__Directions__
Up to and including the line that contains "doc.layers.add('45 Plafond', color=7, linetype='CONTINUOUS')", return every line from the start of the data, unchanged.
Data for the task below:
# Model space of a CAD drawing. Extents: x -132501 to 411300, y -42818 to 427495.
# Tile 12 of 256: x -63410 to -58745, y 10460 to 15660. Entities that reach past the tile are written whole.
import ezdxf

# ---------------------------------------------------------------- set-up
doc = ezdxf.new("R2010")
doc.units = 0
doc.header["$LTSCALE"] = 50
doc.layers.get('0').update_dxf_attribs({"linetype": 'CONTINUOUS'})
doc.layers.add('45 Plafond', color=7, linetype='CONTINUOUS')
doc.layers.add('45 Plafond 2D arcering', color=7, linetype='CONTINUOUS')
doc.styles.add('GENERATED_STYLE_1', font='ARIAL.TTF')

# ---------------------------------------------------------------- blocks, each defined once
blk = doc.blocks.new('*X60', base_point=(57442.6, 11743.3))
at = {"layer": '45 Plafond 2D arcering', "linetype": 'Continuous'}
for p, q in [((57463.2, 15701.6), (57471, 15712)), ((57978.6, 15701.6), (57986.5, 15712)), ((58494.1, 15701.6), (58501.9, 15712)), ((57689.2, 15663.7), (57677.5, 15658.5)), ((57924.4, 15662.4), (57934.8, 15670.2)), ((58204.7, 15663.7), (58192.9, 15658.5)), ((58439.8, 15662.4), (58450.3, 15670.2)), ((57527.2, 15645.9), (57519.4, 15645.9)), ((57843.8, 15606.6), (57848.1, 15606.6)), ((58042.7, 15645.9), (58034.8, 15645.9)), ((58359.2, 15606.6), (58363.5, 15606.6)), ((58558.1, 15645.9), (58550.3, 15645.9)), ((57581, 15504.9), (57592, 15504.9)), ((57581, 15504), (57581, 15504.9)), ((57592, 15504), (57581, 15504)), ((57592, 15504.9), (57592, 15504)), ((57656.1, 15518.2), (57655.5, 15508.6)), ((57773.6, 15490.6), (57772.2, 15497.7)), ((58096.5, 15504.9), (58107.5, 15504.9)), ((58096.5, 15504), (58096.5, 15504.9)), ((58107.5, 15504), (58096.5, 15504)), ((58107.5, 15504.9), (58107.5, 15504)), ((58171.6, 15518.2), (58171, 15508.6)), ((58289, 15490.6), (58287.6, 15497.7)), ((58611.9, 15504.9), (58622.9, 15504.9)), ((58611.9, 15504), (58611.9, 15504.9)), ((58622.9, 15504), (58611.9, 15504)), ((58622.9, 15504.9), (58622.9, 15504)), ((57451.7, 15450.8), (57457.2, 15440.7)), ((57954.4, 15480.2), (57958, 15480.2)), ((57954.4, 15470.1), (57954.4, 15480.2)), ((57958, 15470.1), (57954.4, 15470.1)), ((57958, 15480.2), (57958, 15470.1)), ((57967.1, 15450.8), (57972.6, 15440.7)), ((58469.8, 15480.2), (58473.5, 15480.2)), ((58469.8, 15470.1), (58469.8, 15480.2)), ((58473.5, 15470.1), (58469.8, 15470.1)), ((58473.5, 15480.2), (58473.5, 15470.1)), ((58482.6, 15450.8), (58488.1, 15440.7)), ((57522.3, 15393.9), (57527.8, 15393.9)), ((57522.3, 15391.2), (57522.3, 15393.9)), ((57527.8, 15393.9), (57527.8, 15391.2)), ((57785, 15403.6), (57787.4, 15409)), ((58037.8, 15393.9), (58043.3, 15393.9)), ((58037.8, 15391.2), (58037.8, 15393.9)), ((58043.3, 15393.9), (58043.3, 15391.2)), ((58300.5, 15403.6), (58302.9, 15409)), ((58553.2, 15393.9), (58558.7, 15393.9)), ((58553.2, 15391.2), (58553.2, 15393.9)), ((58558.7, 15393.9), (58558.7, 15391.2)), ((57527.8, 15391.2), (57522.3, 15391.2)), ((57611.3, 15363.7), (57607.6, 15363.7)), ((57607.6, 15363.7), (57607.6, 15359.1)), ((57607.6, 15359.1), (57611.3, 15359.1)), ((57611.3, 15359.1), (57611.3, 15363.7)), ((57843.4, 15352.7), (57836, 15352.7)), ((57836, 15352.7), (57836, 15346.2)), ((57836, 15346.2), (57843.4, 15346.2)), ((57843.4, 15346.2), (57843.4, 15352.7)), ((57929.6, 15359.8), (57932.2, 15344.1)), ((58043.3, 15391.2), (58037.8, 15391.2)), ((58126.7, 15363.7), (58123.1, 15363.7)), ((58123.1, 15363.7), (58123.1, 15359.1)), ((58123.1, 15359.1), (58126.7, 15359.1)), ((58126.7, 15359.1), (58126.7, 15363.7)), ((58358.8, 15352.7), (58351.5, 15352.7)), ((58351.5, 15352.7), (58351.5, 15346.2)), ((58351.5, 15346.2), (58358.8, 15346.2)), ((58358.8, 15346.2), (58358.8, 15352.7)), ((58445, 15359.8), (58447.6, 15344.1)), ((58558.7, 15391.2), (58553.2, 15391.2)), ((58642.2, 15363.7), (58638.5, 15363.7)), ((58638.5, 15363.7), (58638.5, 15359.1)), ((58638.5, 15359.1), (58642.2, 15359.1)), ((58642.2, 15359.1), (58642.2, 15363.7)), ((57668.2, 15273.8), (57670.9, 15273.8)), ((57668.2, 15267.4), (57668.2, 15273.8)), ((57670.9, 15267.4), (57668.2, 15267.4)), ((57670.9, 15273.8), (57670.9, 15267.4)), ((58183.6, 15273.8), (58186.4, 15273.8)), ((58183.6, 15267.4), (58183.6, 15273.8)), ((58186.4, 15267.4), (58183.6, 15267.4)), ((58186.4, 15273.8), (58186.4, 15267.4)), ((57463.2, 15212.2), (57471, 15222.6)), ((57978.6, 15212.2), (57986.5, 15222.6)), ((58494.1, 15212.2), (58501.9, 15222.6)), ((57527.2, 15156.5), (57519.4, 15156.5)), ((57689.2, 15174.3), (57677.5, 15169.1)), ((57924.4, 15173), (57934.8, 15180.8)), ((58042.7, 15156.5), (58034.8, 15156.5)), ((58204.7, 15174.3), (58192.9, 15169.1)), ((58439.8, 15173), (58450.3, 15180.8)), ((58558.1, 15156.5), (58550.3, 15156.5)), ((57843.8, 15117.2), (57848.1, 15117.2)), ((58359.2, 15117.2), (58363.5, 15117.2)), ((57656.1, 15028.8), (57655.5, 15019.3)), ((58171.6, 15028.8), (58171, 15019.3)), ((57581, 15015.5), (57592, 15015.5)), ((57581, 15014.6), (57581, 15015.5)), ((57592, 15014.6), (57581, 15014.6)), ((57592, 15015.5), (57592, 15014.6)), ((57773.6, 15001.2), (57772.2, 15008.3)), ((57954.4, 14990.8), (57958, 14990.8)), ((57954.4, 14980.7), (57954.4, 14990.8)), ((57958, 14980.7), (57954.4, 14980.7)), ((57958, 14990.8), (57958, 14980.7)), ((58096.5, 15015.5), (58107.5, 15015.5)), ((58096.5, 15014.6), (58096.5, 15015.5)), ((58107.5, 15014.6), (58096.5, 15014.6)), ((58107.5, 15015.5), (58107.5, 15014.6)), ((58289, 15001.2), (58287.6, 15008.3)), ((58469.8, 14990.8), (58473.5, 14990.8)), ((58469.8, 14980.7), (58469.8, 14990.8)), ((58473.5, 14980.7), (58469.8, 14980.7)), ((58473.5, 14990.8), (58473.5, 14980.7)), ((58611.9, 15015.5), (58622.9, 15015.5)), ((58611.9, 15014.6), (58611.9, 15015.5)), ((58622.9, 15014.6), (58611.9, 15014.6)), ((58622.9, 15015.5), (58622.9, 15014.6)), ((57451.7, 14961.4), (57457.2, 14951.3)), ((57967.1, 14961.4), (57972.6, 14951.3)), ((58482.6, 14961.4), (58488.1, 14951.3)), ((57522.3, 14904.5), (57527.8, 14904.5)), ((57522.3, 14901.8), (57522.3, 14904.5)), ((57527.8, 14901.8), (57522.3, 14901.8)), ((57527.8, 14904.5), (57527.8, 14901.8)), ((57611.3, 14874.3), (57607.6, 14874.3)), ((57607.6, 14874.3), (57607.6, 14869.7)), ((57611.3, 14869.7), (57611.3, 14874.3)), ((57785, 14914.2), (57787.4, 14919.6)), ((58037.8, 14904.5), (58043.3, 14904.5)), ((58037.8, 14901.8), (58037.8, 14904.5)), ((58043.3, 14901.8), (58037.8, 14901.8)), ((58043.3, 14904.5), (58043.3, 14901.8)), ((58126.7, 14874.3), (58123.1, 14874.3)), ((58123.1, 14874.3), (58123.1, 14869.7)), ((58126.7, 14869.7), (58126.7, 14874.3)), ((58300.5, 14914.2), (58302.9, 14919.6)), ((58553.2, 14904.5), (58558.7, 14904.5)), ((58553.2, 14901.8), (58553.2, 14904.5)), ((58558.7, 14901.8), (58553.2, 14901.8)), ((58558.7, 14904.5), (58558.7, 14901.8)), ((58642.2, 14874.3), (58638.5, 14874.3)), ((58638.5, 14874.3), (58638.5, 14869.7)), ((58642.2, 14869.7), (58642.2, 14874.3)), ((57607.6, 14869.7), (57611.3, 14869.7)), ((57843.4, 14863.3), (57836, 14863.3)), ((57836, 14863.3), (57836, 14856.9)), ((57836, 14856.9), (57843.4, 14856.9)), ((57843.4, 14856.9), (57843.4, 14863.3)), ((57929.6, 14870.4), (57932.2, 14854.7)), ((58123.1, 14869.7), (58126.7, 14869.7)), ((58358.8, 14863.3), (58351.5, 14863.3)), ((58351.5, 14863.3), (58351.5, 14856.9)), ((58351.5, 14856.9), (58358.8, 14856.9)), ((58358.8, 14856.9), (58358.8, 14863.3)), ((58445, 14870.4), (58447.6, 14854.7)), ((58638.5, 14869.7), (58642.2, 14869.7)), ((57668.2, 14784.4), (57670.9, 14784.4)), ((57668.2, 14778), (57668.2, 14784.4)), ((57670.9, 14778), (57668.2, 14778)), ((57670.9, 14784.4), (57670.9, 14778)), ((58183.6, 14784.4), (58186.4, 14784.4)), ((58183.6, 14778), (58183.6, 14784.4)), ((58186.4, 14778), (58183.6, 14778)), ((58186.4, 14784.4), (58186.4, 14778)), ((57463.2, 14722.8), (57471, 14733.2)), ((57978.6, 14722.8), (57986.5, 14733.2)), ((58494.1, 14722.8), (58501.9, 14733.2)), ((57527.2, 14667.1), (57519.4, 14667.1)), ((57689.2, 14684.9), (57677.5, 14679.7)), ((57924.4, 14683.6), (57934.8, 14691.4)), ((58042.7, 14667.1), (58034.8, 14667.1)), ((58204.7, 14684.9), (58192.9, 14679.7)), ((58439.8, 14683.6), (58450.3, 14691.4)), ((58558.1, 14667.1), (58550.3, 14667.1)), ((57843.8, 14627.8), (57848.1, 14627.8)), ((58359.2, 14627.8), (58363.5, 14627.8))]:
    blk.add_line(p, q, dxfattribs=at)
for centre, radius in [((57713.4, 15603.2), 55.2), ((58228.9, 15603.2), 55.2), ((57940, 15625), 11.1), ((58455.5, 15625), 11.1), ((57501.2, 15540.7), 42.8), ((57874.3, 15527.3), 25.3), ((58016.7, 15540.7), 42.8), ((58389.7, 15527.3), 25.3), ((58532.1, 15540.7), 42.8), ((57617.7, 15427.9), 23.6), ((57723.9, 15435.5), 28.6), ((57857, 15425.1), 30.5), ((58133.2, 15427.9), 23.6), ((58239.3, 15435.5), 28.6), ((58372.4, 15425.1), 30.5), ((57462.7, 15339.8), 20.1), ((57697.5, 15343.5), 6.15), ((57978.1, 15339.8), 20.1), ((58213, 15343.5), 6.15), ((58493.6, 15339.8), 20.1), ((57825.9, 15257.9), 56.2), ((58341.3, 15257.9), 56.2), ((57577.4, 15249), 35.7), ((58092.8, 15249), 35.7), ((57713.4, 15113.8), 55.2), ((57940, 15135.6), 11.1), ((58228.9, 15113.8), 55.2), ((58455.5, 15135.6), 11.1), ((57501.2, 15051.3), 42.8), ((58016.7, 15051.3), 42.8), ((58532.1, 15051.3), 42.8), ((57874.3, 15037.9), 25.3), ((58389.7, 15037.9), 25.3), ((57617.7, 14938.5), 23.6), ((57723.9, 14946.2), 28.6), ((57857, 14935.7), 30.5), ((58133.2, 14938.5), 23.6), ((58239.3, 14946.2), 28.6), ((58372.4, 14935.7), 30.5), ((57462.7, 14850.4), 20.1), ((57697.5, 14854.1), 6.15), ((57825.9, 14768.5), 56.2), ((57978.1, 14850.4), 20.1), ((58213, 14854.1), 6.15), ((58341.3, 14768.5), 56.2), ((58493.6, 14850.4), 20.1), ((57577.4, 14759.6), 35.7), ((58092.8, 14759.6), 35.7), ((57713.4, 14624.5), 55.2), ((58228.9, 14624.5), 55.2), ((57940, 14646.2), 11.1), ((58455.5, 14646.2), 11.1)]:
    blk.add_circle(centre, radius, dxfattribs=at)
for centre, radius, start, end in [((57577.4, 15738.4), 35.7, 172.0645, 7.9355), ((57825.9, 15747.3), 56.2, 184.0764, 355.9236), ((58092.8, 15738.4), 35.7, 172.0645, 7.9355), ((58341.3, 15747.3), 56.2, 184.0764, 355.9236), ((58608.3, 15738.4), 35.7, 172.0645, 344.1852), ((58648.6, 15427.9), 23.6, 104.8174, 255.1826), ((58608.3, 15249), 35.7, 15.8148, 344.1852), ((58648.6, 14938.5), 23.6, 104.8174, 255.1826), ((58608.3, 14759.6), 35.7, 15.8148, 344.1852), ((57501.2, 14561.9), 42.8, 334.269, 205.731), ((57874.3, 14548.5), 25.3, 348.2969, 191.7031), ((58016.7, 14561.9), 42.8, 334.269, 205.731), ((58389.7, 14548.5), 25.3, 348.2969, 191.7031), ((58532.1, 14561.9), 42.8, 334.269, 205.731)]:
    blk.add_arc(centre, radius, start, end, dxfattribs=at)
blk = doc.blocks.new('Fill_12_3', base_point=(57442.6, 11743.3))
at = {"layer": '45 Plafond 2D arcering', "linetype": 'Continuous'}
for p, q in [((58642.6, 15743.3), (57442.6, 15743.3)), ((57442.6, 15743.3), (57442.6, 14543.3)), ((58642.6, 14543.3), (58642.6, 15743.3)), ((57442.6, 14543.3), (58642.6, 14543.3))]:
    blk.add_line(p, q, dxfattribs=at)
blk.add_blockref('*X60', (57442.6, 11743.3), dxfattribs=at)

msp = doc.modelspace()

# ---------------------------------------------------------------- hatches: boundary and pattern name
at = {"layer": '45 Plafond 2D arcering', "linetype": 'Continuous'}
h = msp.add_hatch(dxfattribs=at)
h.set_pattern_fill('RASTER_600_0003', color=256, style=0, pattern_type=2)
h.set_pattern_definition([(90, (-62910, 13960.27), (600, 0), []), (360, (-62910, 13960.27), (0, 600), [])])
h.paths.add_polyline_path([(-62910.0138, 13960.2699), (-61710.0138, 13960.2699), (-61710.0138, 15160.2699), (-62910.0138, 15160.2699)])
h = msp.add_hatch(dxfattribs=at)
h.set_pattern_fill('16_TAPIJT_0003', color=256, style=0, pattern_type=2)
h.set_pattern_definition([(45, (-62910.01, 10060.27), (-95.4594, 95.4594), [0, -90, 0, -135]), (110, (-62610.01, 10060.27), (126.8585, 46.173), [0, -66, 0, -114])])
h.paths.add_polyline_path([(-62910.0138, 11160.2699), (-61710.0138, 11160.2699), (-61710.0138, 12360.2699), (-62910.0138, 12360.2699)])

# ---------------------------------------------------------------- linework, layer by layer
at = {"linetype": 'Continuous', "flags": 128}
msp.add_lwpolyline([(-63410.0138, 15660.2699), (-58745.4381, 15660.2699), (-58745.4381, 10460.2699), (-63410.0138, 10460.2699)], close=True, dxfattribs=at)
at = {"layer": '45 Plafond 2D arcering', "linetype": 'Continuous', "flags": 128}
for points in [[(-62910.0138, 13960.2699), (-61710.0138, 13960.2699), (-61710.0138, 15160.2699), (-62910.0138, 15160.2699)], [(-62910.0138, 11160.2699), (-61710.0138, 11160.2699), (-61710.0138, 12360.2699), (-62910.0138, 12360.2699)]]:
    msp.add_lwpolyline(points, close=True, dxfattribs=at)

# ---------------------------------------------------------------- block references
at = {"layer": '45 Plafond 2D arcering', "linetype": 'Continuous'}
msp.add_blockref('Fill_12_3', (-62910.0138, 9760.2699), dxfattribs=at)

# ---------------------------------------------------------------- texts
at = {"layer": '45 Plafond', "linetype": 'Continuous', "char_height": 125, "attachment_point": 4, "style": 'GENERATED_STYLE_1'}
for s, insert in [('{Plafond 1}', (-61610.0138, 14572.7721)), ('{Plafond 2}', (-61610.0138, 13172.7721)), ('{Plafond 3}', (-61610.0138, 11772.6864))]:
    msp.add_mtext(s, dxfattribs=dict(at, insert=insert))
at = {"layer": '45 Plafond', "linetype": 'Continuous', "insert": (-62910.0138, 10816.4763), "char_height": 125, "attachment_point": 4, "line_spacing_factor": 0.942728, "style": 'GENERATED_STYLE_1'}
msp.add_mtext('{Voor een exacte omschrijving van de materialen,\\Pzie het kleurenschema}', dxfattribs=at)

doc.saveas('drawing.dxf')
End of Data for the task.
__Solution__
# Model space of a CAD drawing. Extents: x -132501 to 411300, y -42818 to 427495.
# Tile 12 of 256: x -63410 to -58745, y 10460 to 15660. Entities that reach past the tile are written whole.
import ezdxf

# ---------------------------------------------------------------- set-up
doc = ezdxf.new("R2010")
doc.units = 0
doc.header["$LTSCALE"] = 50
doc.layers.get('0').update_dxf_attribs({"linetype": 'CONTINUOUS'})
doc.layers.add('45 Plafond', color=7, linetype='CONTINUOUS')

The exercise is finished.